# ASSIGNMENT
Working from the entries below, count every line that includes the word "Characteristics". Return the figure alone.

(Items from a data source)
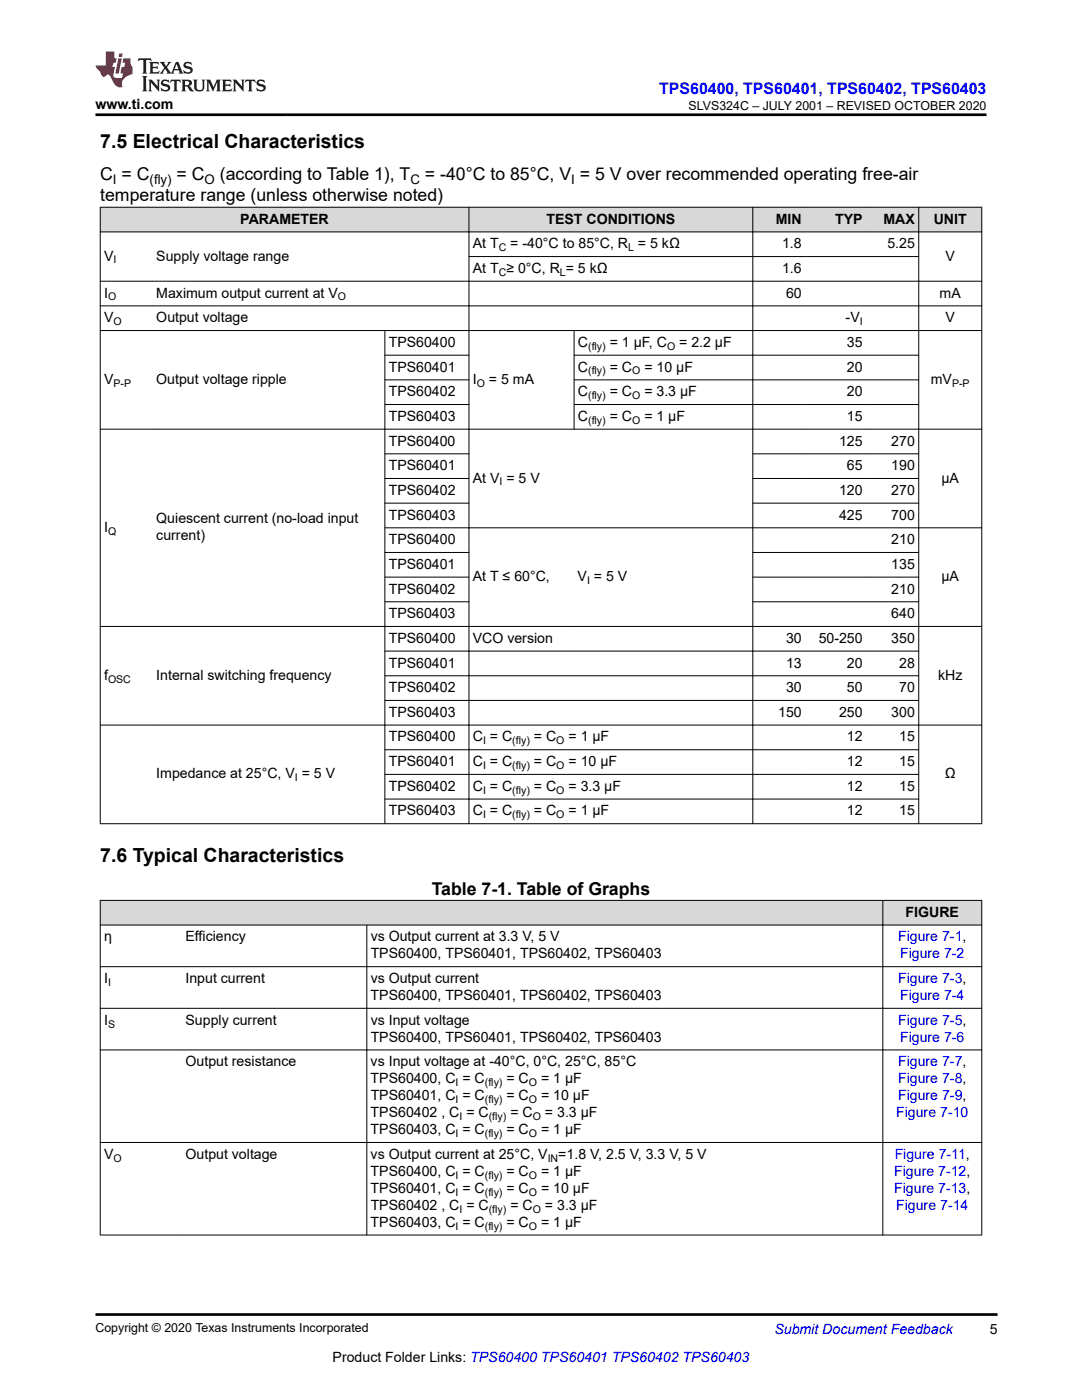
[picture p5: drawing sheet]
<svg xmlns="http://www.w3.org/2000/svg" width="216mm" height="279mm" viewBox="0 0 216 279" stroke-linecap="round" stroke-linejoin="round" font-family="sans-serif">
<defs><g id="words">
<g font-size="3.9">
<text x="20" y="29.5">7.5 Electrical Characteristics</text>
<text x="20" y="172.1">7.6 Typical Characteristics</text>
</g>
<g font-size="3.5">
<text x="20" y="36">C = C</text>
<text x="35.2" y="36">= C</text>
<text x="43.9" y="36">(according to Table 1), T</text>
<text x="84.8" y="36">= -40°C to 85°C, V = 5 V over recommended operating free-air</text>
<text x="20" y="40.2">temperature range (unless otherwise noted)</text>
<text x="86.2" y="178.5">Table 7-1. Table of Graphs</text>
</g>
<text font-size="3.2" fill="#00f" x="131.5" y="18.7">TPS60400, TPS60401, TPS60402, TPS60403</text>
<g font-size="2.8">
<text x="19" y="21.8">www.ti.com</text>
<text x="48" y="44.6">PARAMETER</text>
<text x="109" y="44.6">TEST CONDITIONS</text>
<text x="154.8" y="44.6">MIN</text>
<text x="166.7" y="44.6">TYP</text>
<text x="176.3" y="44.6">MAX</text>
<text x="186.3" y="44.6">UNIT</text>
<text x="20.8" y="52">V</text>
<text x="31.2" y="52">Supply voltage range</text>
<text x="94.3" y="49.6">At T</text>
<text x="101.8" y="49.6">= -40°C to 85°C, R = 5 kΩ</text>
<text x="156.1" y="49.6">1.8</text>
<text x="177.1" y="49.6">5.25</text>
<text x="188.7" y="52">V</text>
<text x="20.8" y="59.4">I</text>
<text x="31.2" y="59.4">Maximum output current at V</text>
<text x="94.3" y="54.5">At T ≥ 0°C, R = 5 kΩ</text>
<text x="156.1" y="54.5">1.6</text>
<text x="156.8" y="59.4">60</text>
<text x="187.5" y="59.4">mA</text>
<text x="20.8" y="64.3">V</text>
<text x="31.2" y="64.3">Output voltage</text>
<text x="168.7" y="64.3">-V</text>
<text x="188.7" y="64.3">V</text>
<text x="77.6" y="69.2">TPS60400</text>
<text x="115.3" y="69.2">C</text>
<text x="121.7" y="69.2">= 1 µF, C</text>
<text x="135.5" y="69.2">= 2.2 µF</text>
<text x="169" y="69.2">35</text>
<text x="20.8" y="76.6">V</text>
<text x="31.2" y="76.6">Output voltage ripple</text>
<text x="77.6" y="74.2">TPS60401</text>
<text x="94.3" y="76.6">I</text>
<text x="97.6" y="76.6">= 5 mA</text>
<text x="115.3" y="74.2">C</text>
<text x="121.7" y="74.2">= C</text>
<text x="128.6" y="74.2">= 10 µF</text>
<text x="169" y="74.2">20</text>
<text x="185.7" y="76.6">mV</text>
<text x="77.6" y="79.1">TPS60402</text>
<text x="115.3" y="79.1">C</text>
<text x="121.7" y="79.1">= C</text>
<text x="128.6" y="79.1">= 3.3 µF</text>
<text x="169" y="79.1">20</text>
<text x="77.6" y="88.9">TPS60400</text>
<text x="77.6" y="84">TPS60403</text>
<text x="115.3" y="84">C</text>
<text x="121.7" y="84">= C</text>
<text x="128.6" y="84">= 1 µF</text>
<text x="167.4" y="88.9">125</text>
<text x="169" y="84">15</text>
<text x="177.8" y="88.9">270</text>
<text x="77.6" y="93.8">TPS60401</text>
<text x="169" y="93.8">65</text>
<text x="177.8" y="93.8">190</text>
<text x="77.6" y="98.8">TPS60402</text>
<text x="94.3" y="96.3">At V = 5 V</text>
<text x="167.4" y="98.8">120</text>
<text x="177.8" y="98.8">270</text>
<text x="187.9" y="96.3">µA</text>
<text x="20.8" y="106.1">I</text>
<text x="31.2" y="104.5">Quiescent current (no-load input</text>
<text x="31.2" y="107.8">current)</text>
<text x="77.6" y="103.7">TPS60403</text>
<text x="167.4" y="103.7">425</text>
<text x="177.8" y="103.7">700</text>
<text x="77.6" y="113.5">TPS60401</text>
<text x="77.6" y="108.6">TPS60400</text>
<text x="177.8" y="108.6">210</text>
<text x="177.8" y="113.5">135</text>
<text x="77.6" y="118.5">TPS60402</text>
<text x="94.3" y="116">At T ≤ 60°C,</text>
<text x="115.3" y="116">V = 5 V</text>
<text x="177.8" y="118.5">210</text>
<text x="187.9" y="116">µA</text>
<text x="77.6" y="123.4">TPS60403</text>
<text x="177.8" y="123.4">640</text>
<text x="77.6" y="128.3">TPS60400</text>
<text x="94.3" y="128.3">VCO version</text>
<text x="156.8" y="128.3">30</text>
<text x="163.4" y="128.3">50-250</text>
<text x="177.8" y="128.3">350</text>
<text x="20.8" y="135.7">f</text>
<text x="31.2" y="135.7">Internal switching frequency</text>
<text x="77.6" y="133.2">TPS60401</text>
<text x="156.8" y="133.2">13</text>
<text x="169" y="133.2">20</text>
<text x="179.4" y="133.2">28</text>
<text x="187.2" y="135.7">kHz</text>
<text x="77.6" y="138.1">TPS60402</text>
<text x="77.6" y="143.1">TPS60403</text>
<text x="155.3" y="143.1">150</text>
<text x="156.8" y="138.1">30</text>
<text x="167.4" y="143.1">250</text>
<text x="169" y="138.1">50</text>
<text x="177.8" y="143.1">300</text>
<text x="179.4" y="138.1">70</text>
<text x="77.6" y="148">TPS60400</text>
<text x="94.3" y="148">C = C</text>
<text x="106.5" y="148">= C</text>
<text x="113.4" y="148">= 1 µF</text>
<text x="169" y="148">12</text>
<text x="179.4" y="148">15</text>
<text x="31.2" y="155.4">Impedance at 25°C, V = 5 V</text>
<text x="77.6" y="152.9">TPS60401</text>
<text x="94.3" y="152.9">C = C</text>
<text x="106.5" y="152.9">= C</text>
<text x="113.4" y="152.9">= 10 µF</text>
<text x="169" y="152.9">12</text>
<text x="179.4" y="152.9">15</text>
<text x="188.5" y="155.4">Ω</text>
<text x="77.6" y="157.8">TPS60402</text>
<text x="94.3" y="157.8">C = C</text>
<text x="106.5" y="157.8">= C</text>
<text x="113.4" y="157.8">= 3.3 µF</text>
<text x="169" y="157.8">12</text>
<text x="179.4" y="157.8">15</text>
<text x="77.6" y="162.7">TPS60403</text>
<text x="94.3" y="162.7">C = C</text>
<text x="106.5" y="162.7">= C</text>
<text x="113.4" y="162.7">= 1 µF</text>
<text x="169" y="162.7">12</text>
<text x="179.4" y="162.7">15</text>
<text x="180.7" y="183">FIGURE</text>
<text x="20.8" y="187.9">η</text>
<text x="37" y="187.9">Efficiency</text>
<text x="74" y="187.9">vs Output current at 3.3 V, 5 V</text>
<text x="74" y="191.3">TPS60400, TPS60401, TPS60402, TPS60403</text>
<text x="20.8" y="196.2">I</text>
<text x="37" y="196.2">Input current</text>
<text x="74" y="196.2">vs Output current</text>
<text x="74" y="199.6">TPS60400, TPS60401, TPS60402, TPS60403</text>
<text x="20.8" y="204.5">I</text>
<text x="37" y="204.5">Supply current</text>
<text x="74" y="204.5">vs Input voltage</text>
<text x="74" y="207.9">TPS60400, TPS60401, TPS60402, TPS60403</text>
<text x="37" y="212.8">Output resistance</text>
<text x="74" y="212.8">vs Input voltage at -40°C, 0°C, 25°C, 85°C</text>
<text x="74" y="216.2">TPS60400, C = C</text>
<text x="74" y="219.6">TPS60401, C = C</text>
<text x="101.1" y="216.2">= C</text>
<text x="101.1" y="219.6">= C</text>
<text x="108" y="219.6">= 10 µF</text>
<text x="108" y="216.2">= 1 µF</text>
<text x="74" y="223">TPS60402 , C = C</text>
<text x="74" y="226.4">TPS60403, C = C</text>
<text x="101.1" y="226.4">= C</text>
<text x="101.8" y="223">= C</text>
<text x="108" y="226.4">= 1 µF</text>
<text x="108.7" y="223">= 3.3 µF</text>
<text x="20.8" y="231.3">V</text>
<text x="37" y="231.3">Output voltage</text>
<text x="74" y="231.3">vs Output current at 25°C, V</text>
<text x="111.4" y="231.3">=1.8 V, 2.5 V, 3.3 V, 5 V</text>
<text x="74" y="234.7">TPS60400, C = C</text>
<text x="74" y="238.1">TPS60401, C = C</text>
<text x="101.1" y="238.1">= C</text>
<text x="101.1" y="234.7">= C</text>
<text x="108" y="234.7">= 1 µF</text>
<text x="108" y="238.1">= 10 µF</text>
<text x="74" y="244.8">TPS60403, C = C</text>
<text x="74" y="241.4">TPS60402 , C = C</text>
<text x="101.1" y="244.8">= C</text>
<text x="101.8" y="241.4">= C</text>
<text x="108" y="244.8">= 1 µF</text>
<text x="108.7" y="241.4">= 3.3 µF</text>
<text x="197.5" y="266.1">5</text>
<text x="66.4" y="271.7">Product Folder Links: TPS60400 TPS60401 TPS60402 TPS60403</text>
</g>
<g font-size="2.8" fill="#00f">
<text x="179.2" y="187.9">Figure 7-1,</text>
<text x="179.6" y="191.3">Figure 7-2</text>
<text x="179.2" y="196.2">Figure 7-3,</text>
<text x="179.6" y="199.6">Figure 7-4</text>
<text x="179.2" y="204.5">Figure 7-5,</text>
<text x="179.6" y="207.9">Figure 7-6</text>
<text x="179.2" y="212.8">Figure 7-7,</text>
<text x="179.2" y="216.2">Figure 7-8,</text>
<text x="179.2" y="219.6">Figure 7-9,</text>
<text x="178.8" y="223">Figure 7-10</text>
<text x="178.5" y="231.3">Figure 7-11,</text>
<text x="178.4" y="234.7">Figure 7-12,</text>
<text x="178.4" y="238.1">Figure 7-13,</text>
<text x="178.8" y="241.4">Figure 7-14</text>
<text x="154.5" y="266.2">Submit Document Feedback</text>
</g>
<g font-size="2.6">
<text x="22.5" y="36.7">I</text>
<text x="29.9" y="36.7">(fly)</text>
<text x="40.8" y="36.7">O</text>
<text x="81.9" y="36.7">C</text>
<text x="114" y="36.7">I</text>
</g>
<g font-size="2.5">
<text x="137.4" y="21.9">SLVS324C – JULY 2001 – REVISED OCTOBER 2020</text>
<text x="19" y="265.9">Copyright © 2020 Texas Instruments Incorporated</text>
</g>
<g font-size="2.1">
<text x="22.6" y="52.6">I</text>
<text x="99.5" y="50.1">C</text>
<text x="125.3" y="50.1">L</text>
<text x="21.6" y="60">O</text>
<text x="67.4" y="60">O</text>
<text x="99.5" y="55">C</text>
<text x="111.7" y="55">L</text>
<text x="22.6" y="64.9">O</text>
<text x="171.6" y="64.9">I</text>
<text x="117.4" y="69.8">(fly)</text>
<text x="133.1" y="69.8">O</text>
<text x="22.6" y="77.2">P-P</text>
<text x="95.1" y="77.2">O</text>
<text x="117.4" y="74.7">(fly)</text>
<text x="126.1" y="74.7">O</text>
<text x="190" y="77.2">P-P</text>
<text x="117.4" y="79.6">(fly)</text>
<text x="126.1" y="79.6">O</text>
<text x="117.4" y="84.6">(fly)</text>
<text x="126.1" y="84.6">O</text>
<text x="99.7" y="96.9">I</text>
<text x="21.6" y="106.7">Q</text>
<text x="117.1" y="116.6">I</text>
<text x="21.6" y="136.2">OSC</text>
<text x="96.4" y="148.5">I</text>
<text x="102.2" y="148.5">(fly)</text>
<text x="111" y="148.5">O</text>
<text x="58.8" y="155.9">I</text>
<text x="96.4" y="153.5">I</text>
<text x="102.2" y="153.5">(fly)</text>
<text x="111" y="153.5">O</text>
<text x="96.4" y="158.4">I</text>
<text x="102.2" y="158.4">(fly)</text>
<text x="111" y="158.4">O</text>
<text x="96.4" y="163.3">I</text>
<text x="102.2" y="163.3">(fly)</text>
<text x="111" y="163.3">O</text>
<text x="21.6" y="196.8">I</text>
<text x="21.6" y="205.1">S</text>
<text x="90.9" y="220.1">I</text>
<text x="90.9" y="216.8">I</text>
<text x="96.7" y="216.8">(fly)</text>
<text x="96.7" y="220.1">(fly)</text>
<text x="105.5" y="216.8">O</text>
<text x="105.5" y="220.1">O</text>
<text x="90.9" y="226.9">I</text>
<text x="91.7" y="223.5">I</text>
<text x="96.7" y="226.9">(fly)</text>
<text x="97.5" y="223.5">(fly)</text>
<text x="105.5" y="226.9">O</text>
<text x="106.3" y="223.5">O</text>
<text x="22.6" y="231.8">O</text>
<text x="109.3" y="231.8">IN</text>
<text x="90.9" y="235.2">I</text>
<text x="90.9" y="238.6">I</text>
<text x="96.7" y="238.6">(fly)</text>
<text x="96.7" y="235.2">(fly)</text>
<text x="105.5" y="238.6">O</text>
<text x="105.5" y="235.2">O</text>
<text x="90.9" y="245.4">I</text>
<text x="91.7" y="242">I</text>
<text x="96.7" y="245.4">(fly)</text>
<text x="97.5" y="242">(fly)</text>
<text x="105.5" y="245.4">O</text>
<text x="106.3" y="242">O</text>
</g>
</g></defs>
<g fill="#d8d8d8">
<path d="M20 41.4h175.9v4.9h-175.9z" fill-rule="evenodd"/>
<path d="M20.1 41.4h73.4v4.8h-73.4z" fill-rule="evenodd"/>
<path d="M93.6 41.4h56.6v4.8h-56.6z" fill-rule="evenodd"/>
<path d="M150.3 41.4h10.4v4.8h-10.4z" fill-rule="evenodd"/>
<path d="M160.7 41.4h12.2v4.8h-12.2z" fill-rule="evenodd"/>
<path d="M172.9 41.4h10.4v4.8h-10.4z" fill-rule="evenodd"/>
<path d="M183.4 41.4h12.4v4.8h-12.4z" fill-rule="evenodd"/>
</g>
<g fill="none" stroke="#000" stroke-width=".2">
<path d="M19.9 41.4h176.1M19.9 46.3h176.1M19.9 56.1h176.1M20 41.3v123.2M93.5 51.2h89.9M93.6 41.3v123.2M150.2 41.3v123.2M183.3 41.3v123.2M195.9 41.3v123.2M19.9 61h176.1M19.9 66h176.1M76.7 70.9h16.9"/>
<path d="M76.7 75.8h16.9M76.8 65.9v98.6M114.5 70.9h68.9M114.5 75.8h68.9M114.6 65.9v19.8M19.9 85.7h176.1M76.7 80.7h16.9M76.7 90.6h16.9M76.7 95.5h16.9M114.5 80.7h68.9M150.2 90.6h33.2M150.2 95.5h33.2"/>
<path d="M76.7 100.4h16.9M76.7 110.3h16.9M76.7 115.2h16.9M150.2 100.4h33.2M150.2 110.3h33.2M150.2 115.2h33.2M196 105.3h-119.3M76.7 120.1h16.9M76.7 129.9h106.7M76.7 134.9h106.7M76.7 139.8h106.7M150.2 120.1h33.2"/>
<path d="M196 125h-176.1M19.9 144.7h176.1M76.7 149.6h106.7M76.7 154.5h106.7M76.7 159.5h106.7M19.9 164.4h176.1"/>
</g>
<g fill="#d8d8d8">
<path d="M20 179.7h175.9v4.9h-175.9z" fill-rule="evenodd"/>
<path d="M20.1 179.8h156v4.8h-156z" fill-rule="evenodd"/>
<path d="M176.2 179.8h19.6v4.8h-19.6z" fill-rule="evenodd"/>
</g>
<path d="M19.9 179.7h176.1M20 179.6v66.9M176.2 179.6v66.9M195.9 179.6v66.9M19.9 184.6h176.1M19.9 192.9h176.1M73.2 184.6v61.9M19.9 201.2h176.1M19.9 209.5h176.1M19.9 228h176.1M19.9 246.5h176.1" fill="none" stroke="#000" stroke-width=".2"/>
<path d="M27.7 11.6l-.2 .6 .5-.2h.6v.1v2.2l-.2 .4h1l-.2-.4v-2.2v-.1h.5l.5 .2-.1-.6zM29.8 12.4l.2 .3v1.6l-.2 .4h1.9l.1-.6a1.08 1.08 0 0 1-1.3 .2v-.7h.6l.4 .2v-.7l-.4 .2h-.6v-.5l.2-.2a1 1 0 0 1 1 .3l-.1-.5zM31.8 12.4l1 1.1-1 1.2h.9l-.2-.2 .4-.8 .5 .8-.2 .2h1.6l-.2-.2 .1-.5h1l.1 .5-.1 .2h.9l-.2-.4-.8-1.9h-.5l-1 2.1-.8-1.1 .9-1h-.8l.2 .2-.5 .6-.3-.6 .1-.2zM35.2 12.8l.4 1h-.8zM36.8 12.5a.65 .65 0 0 0-.2 .7 .65 .65 0 0 0 .6 .5l.7 .1 .1 .3a.79 .79 0 0 1-.7 .4 .79 .79 0 0 1-.7-.5l.1 .7 .2-.1a.93 .93 0 0 0 1.1 0 .93 .93 0 0 0 .4-.9 1.46 1.46 0 0 0-1.2-.6l-.1-.3a1.09 1.09 0 0 1 1.2 .2l-.2-.6-.1 .1-.6-.2zM28.4 15.2l.2 .4v2.2l-.2 .4h1l-.2-.4v-2.2l.2-.4zM29.6 15.9l.2 .4v1.5l-.2 .4h.8l-.3-.4v-1.3l1.7 1.8v-2l.2-.4h-.8l.2 .2 .1 1.1-1.2-1.3zM32.3 16a.65 .65 0 0 0-.2 .8 .65 .65 0 0 0 .7 .4l.6 .2 .1 .2a.79 .79 0 0 1-.7 .4 .79 .79 0 0 1-.7-.5l.1 .7 .2-.1a.93 .93 0 0 0 1.1 .1 .93 .93 0 0 0 .4-1 1.46 1.46 0 0 0-1.2-.5l-.1-.4a1.09 1.09 0 0 1 1.2 .2l-.2-.6-.1 .1-.6-.1zM34.1 15.9l-.1 .6a.63 .63 0 0 1 .7-.3l.1 1.6-.3 .4h1l-.2-.4v-1.6a.66 .66 0 0 1 .8 .3l-.1-.6zM36.2 15.9l.2 .4v1.5l-.2 .4h.9l-.2-.2v-.7h.5l.1 .2a.79 .79 0 0 0 1.2 .6l-1-.9a.61 .61 0 0 0 .6-.6 .61 .61 0 0 0-.5-.7zM36.9 16.2h.2a.47 .47 0 0 1 .5 .1 .47 .47 0 0 1 .1 .5l-.2 .1-.6 .1zM38.5 15.9l.2 .2a2.27 2.27 0 0 0 .4 2 1.04 1.04 0 0 0 1.7-.7v-1.3l.2-.2h-.8l.2 .4v1.1a.6 .6 0 0 1-.6 .6 .6 .6 0 0 1-.6-.6v-1.1l.3-.4zM41.1 15.9l.2 .4v1.5l-.2 .4h.7l-.2-.4v-1.4l.9 1.9 .8-1.9v1.4l-.2 .4h1l-.3-.4v-1.5l.3-.4h-.8l-.7 1.5-.7-1.5zM44.3 15.9l.2 .4v1.5l-.2 .4h1.9l.1-.6a1.09 1.09 0 0 1-1.3 .2v-.7h.6l.4 .2v-.6l-.4 .2h-.6v-.6l.2-.1a1.01 1.01 0 0 1 1 .3l-.1-.6zM46.4 15.9l.3 .4v1.5l-.3 .4h.8l-.2-.4v-1.3l1.6 1.8v-2l.2-.4h-.7l.2 .2v1.1l-1.2-1.3zM49 15.9l-.1 .6a.63 .63 0 0 1 .8-.3v1.6l-.3 .4h1l-.2-.4v-1.6a.66 .66 0 0 1 .8 .3l-.1-.6zM51.4 16a.65 .65 0 0 0-.2 .8 .65 .65 0 0 0 .6 .4l.6 .2 .2 .2a.79 .79 0 0 1-.8 .4 .79 .79 0 0 1-.6-.5l.1 .7 .2-.1a.93 .93 0 0 0 1 .1 .93 .93 0 0 0 .5-1 1.46 1.46 0 0 0-1.3-.5l-.1-.4a1.09 1.09 0 0 1 1.3 .2l-.2-.6-.2 .1-.5-.1z" fill="#231f20"/>
<path d="M21.1 10.3v2.7h-2.1l.1 .4 .9 1a.95 .95 0 0 0 .9 .9 .59 .59 0 0 1 .6-.4 .59 .59 0 0 1 .5 .3l.4 .8a1.59 1.59 0 0 0 2.1 1.4 1.61 1.61 0 0 1 1-2.3l1-.3-.1-1.5a1.59 1.59 0 0 1-.4-1.7h-1.4l-.2 .9h.5l-.1 .9h-.5l-.2 .9v.3l.4 .1-.2 .9h-.6a.73 .73 0 0 1-1.1-.7l.3-1.5h-.5l.2-.9h.5l.2-.9h-.5v-1.3zM23.6 11.6l-.6 3.1h.7l.6-3.1zM23.8 10.7l-.1 .6h.7l.1-.6z" fill="#ed1c24"/>
<path d="M19 22.9h177.8M19 262.3h180" fill="none" stroke="#000" stroke-width=".53"/>
<use href="#words"/>
</svg>

# ANSWER TO THIS PROBLEM
2